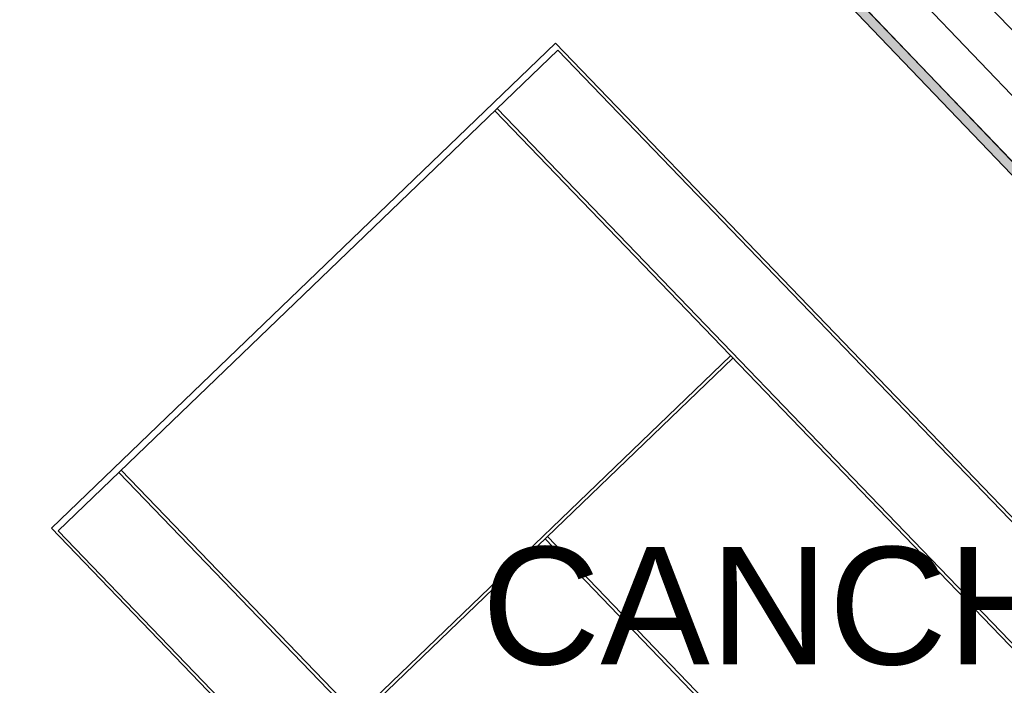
# Model space of a CAD drawing. Header units: metres. Extents: x 1111994 to 1112800, y 1268200 to 1269007.
# Tile 31 of 86: x 1112440 to 1112455, y 1268437 to 1268447. Entities that reach past the tile are written whole.
import ezdxf

# ---------------------------------------------------------------- set-up
doc = ezdxf.new("R2010")
doc.units = ezdxf.units.M
doc.header["$LTSCALE"] = 12.7
doc.header["$MEASUREMENT"] = 0
doc.layers.add('Base', color=251, linetype='Continuous')
doc.styles.add('602000', font='arial.ttf', dxfattribs={"height": 1.5})

# ---------------------------------------------------------------- blocks, each defined once
blk = doc.blocks.new('Pista Tenis 13[111]_1', base_point=(458.697, 235.173))
at = {"layer": 'Base', "linetype": 'Continuous'}
for p, q in [((446.251, 239.432), (454.032, 246.922)), ((446.251, 239.432), (454.032, 246.922)), ((454.066, 246.815), (446.357, 239.395)), ((454.066, 246.815), (446.357, 239.395)), ((454.032, 246.922), (470.26, 230.064)), ((454.032, 246.922), (470.26, 230.064)), ((470.155, 230.101), (454.066, 246.815)), ((470.155, 230.101), (454.066, 246.815)), ((453.093, 245.879), (469.182, 229.165)), ((453.129, 245.914), (469.218, 229.2)), ((456.734, 242.097), (450.97, 236.549)), ((456.769, 242.061), (451.005, 236.513)), ((463.383, 223.582), (447.293, 240.296)), ((463.419, 223.617), (447.329, 240.331)), ((462.48, 222.574), (446.251, 239.432)), ((462.48, 222.574), (446.251, 239.432)), ((446.357, 239.395), (462.446, 222.68)), ((446.357, 239.395), (462.446, 222.68)), ((453.869, 239.269), (462.572, 230.228)), ((453.905, 239.304), (462.608, 230.262))]:
    blk.add_line(p, q, dxfattribs=at)

msp = doc.modelspace()

# ---------------------------------------------------------------- hatches: boundary and pattern name
at = {"layer": 'Base', "linetype": 'Continuous', "lineweight": 0}
msp.add_hatch(color=256, dxfattribs=at).paths.add_polyline_path([(1112446.278, 1268454.29), (1112471.231, 1268428.213), (1112471.122, 1268428.109), (1112446.17, 1268454.186)], flags=0)

# ---------------------------------------------------------------- linework, layer by layer
at = {"layer": 'Base', "linetype": 'Continuous'}
for p, q in [((1112472.346, 1268429.072), (1112412.786, 1268491.317)), ((1112412.044, 1268491.08), (1112471.84, 1268428.588)), ((1112446.278, 1268454.29), (1112471.231, 1268428.213)), ((1112446.17, 1268454.186), (1112471.122, 1268428.109))]:
    msp.add_line(p, q, dxfattribs=at)
at = {"layer": 'Base', "linetype": 'Continuous', "lineweight": 0, "flags": 128}
msp.add_lwpolyline([(1112447.185, 1268466.413), (1112450.201, 1268456.986), (1112450.256, 1268457.004), (1112477.947, 1268428.065), (1112477.296, 1268427.442), (1112474.515, 1268424.781), (1112471.334, 1268428.104), (1112446.278, 1268454.29), (1112439.753, 1268461.109), (1112414.697, 1268487.295), (1112411.302, 1268490.842), (1112416.336, 1268492.452), (1112442.641, 1268464.962), (1112447.184, 1268466.415)], close=True, dxfattribs=at)

# ---------------------------------------------------------------- block references
at = {"layer": 'Base', "linetype": 'Continuous'}
msp.add_blockref('Pista Tenis 13[111]_1', (1112452.69, 1268435.173), dxfattribs=at)

# ---------------------------------------------------------------- texts
at = {"layer": 'Base', "style": '602000'}
msp.add_text('CANCHA ', height=1.8151, dxfattribs=at).set_placement((1112446.884, 1268437.33))

doc.saveas('drawing.dxf')

===============

What you are asked to do: If a line of the entries holds the word "ezdxf", copy it out.

Answer box:
import ezdxf
doc = ezdxf.new("R2010")
doc.units = ezdxf.units.M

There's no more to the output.